As an inducement to FBR Asset's entering into the Merger Agreement and for
other good and valuable consideration, the receipt and sufficiency of which are
hereby acknowledged, the undersigned hereby agrees as follows:
1. Definitions. As used in this Agreement, the following capitalized terms
shall have the following meanings:
"AFFILIATE" means, with respect to any person, any other person which,
directly or indirectly, controls, is controlled by or is under common
control with such person. The term "control" has the meaning ascribed to
such term in Rule 405 of the Securities Act.
"BENEFICIAL OWNER" shall mean any person deemed to be a "beneficial owner"
of a security as defined in Rule 13d-3 under the Securities Exchange Act of
1934, as amended. The term "BENEFICIALLY OWN" has a correlative meaning.
"IMMEDIATE FAMILY" shall mean, for any person, such person's (natural,
adoptive, or by re-marriage) spouse, parents, descendants, nephews, nieces,
brothers, sisters and their respective spouses.
"SPECIFIED TRANSFEREE" shall mean--
(i) any member of the holder's Immediate Family, (ii) any trust established
solely for the benefit of the holder and/or one or more members of the
holder's Immediate Family, (iii) any entity controlled by the holder and/or
members of the holder's Immediate Family, (iv) any charitable foundations
established and maintained by or on behalf of the holder or a member of the
holder's Immediate Family, or (v) any lender to which any of the holder's Newco
Class A Common Shares or Newco Class B Common Shares (together, the
"Newco Securities") are pledged in accordance with Section 4.
"SECURITIES ACT" shall mean the Securities Act of 1933, as amended.

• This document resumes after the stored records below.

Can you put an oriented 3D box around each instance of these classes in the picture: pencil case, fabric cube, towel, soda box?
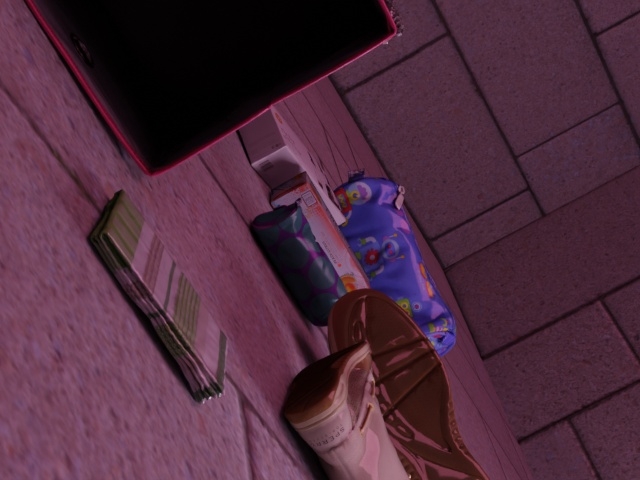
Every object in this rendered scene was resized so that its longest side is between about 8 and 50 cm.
[{"bbox_3d":[0.107,0.043,1.791,0.119,0.133,0.306,21,45,-59],"label":"pencil case"},{"bbox_3d":[-0.017,0.028,1.386,0.151,0.064,0.070,60,33,-15],"label":"pencil case"},{"bbox_3d":[-0.105,-0.245,1.088,0.254,0.259,0.258,59,6,-13],"label":"fabric cube"},{"bbox_3d":[-0.119,0.041,0.880,0.152,0.023,0.113,57,7,-16],"label":"towel"},{"bbox_3d":[0.000,0.000,1.610,0.183,0.058,0.063,60,8,-17],"label":"soda box"}]

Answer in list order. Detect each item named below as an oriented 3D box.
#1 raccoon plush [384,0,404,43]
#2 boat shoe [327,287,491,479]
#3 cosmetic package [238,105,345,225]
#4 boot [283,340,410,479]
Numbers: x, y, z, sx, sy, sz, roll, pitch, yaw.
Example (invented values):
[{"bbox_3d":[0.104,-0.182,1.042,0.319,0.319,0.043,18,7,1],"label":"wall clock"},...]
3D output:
[{"bbox_3d":[-0.057,-0.352,1.351,0.446,0.299,0.216,58,37,-75],"label":"raccoon plush"},{"bbox_3d":[0.090,0.219,1.307,0.341,0.122,0.110,65,-29,7],"label":"boat shoe"},{"bbox_3d":[-0.041,-0.103,1.696,0.099,0.060,0.239,65,9,31],"label":"cosmetic package"},{"bbox_3d":[0.041,0.194,1.140,0.165,0.077,0.213,60,13,-5],"label":"boot"}]
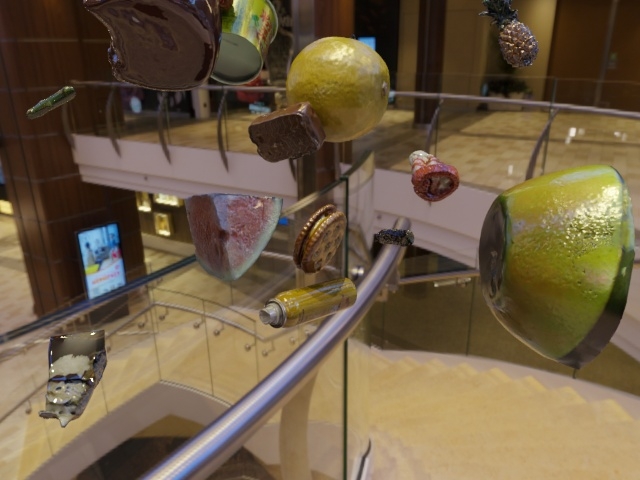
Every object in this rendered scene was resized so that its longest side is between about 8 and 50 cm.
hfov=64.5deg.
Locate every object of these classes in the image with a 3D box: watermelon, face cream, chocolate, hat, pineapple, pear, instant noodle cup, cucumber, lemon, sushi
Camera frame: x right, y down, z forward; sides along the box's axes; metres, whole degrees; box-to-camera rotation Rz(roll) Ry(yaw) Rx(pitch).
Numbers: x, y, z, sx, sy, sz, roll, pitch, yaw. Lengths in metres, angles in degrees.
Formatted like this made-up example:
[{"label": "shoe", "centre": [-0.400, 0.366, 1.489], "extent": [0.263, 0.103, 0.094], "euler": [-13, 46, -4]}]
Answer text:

"TRANSITION PERIOD" shall mean the one-year period ending on the first
anniversary of the Effective Time.
2. Transition Period.
(a) Except for Transfers (as defined below) made to Specified Transferees,
if, during the Transition Period, the undersigned offers, sells, contracts to
sell, sells any option or contract to purchase, purchases any option or contract
to sell, grants any option, right or warrant to purchase, pledge, or otherwise
transfers or disposes of, directly or indirectly (including the Transfer (as
defined herein) of all or a portion of the economic consequences or voting
rights associated with the ownership of such Newco Securities) (any such
transaction a "Transfer"), more than 460,000 Newco Securities during any
three-month period, then such Transfer shall constitute a "Conversion Event" in
relation to all Newco Class B Common Shares then Beneficially Owned by the
undersigned for purposes of Section 5.6(b) of the Newco Articles of
Incorporation, and all Newco Class B Common Shares then owned by the undersigned
shall be converted to Newco Class A Common Shares; provided, however, that such
Conversion Event shall not occur if the undersigned inadvertently disposes of
more than 460,000 Newco Securities (but not more than 500,000 Newco Securities)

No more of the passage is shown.